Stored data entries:
● ● ●

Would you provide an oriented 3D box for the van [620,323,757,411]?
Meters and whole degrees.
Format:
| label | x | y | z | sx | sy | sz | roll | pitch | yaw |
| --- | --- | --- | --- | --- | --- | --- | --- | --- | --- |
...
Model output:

● ● ●

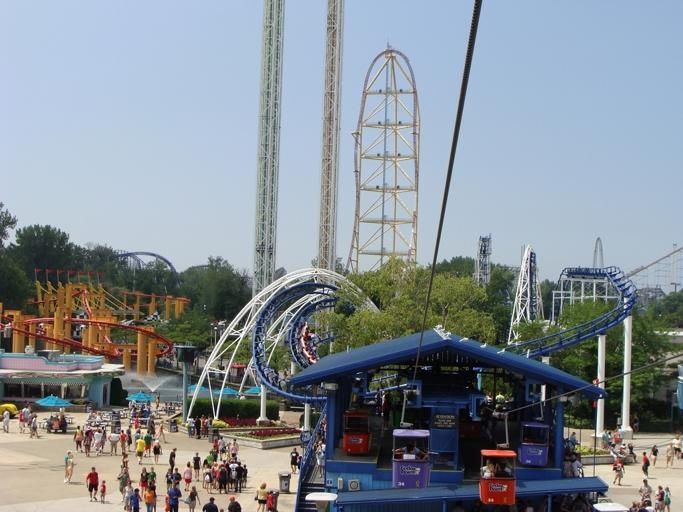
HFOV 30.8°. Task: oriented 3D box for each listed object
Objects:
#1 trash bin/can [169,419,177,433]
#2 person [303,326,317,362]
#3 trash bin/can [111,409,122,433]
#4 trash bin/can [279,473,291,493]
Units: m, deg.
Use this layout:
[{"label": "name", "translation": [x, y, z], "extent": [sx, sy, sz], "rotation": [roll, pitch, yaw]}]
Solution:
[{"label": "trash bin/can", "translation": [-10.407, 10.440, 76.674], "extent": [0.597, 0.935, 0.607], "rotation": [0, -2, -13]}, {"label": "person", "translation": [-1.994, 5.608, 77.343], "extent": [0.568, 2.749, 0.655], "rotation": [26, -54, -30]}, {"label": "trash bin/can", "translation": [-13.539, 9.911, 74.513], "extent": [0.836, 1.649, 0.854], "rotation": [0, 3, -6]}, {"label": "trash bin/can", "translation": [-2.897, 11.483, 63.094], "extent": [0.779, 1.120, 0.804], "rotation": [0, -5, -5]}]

● ● ●

PROMPT | Search the entries for the word "roll", then list each line that holds it.

RESULT BELOW |
| label | x | y | z | sx | sy | sz | roll | pitch | yaw |
[{"label": "name", "translation": [x, y, z], "extent": [sx, sy, sz], "rotation": [roll, pitch, yaw]}]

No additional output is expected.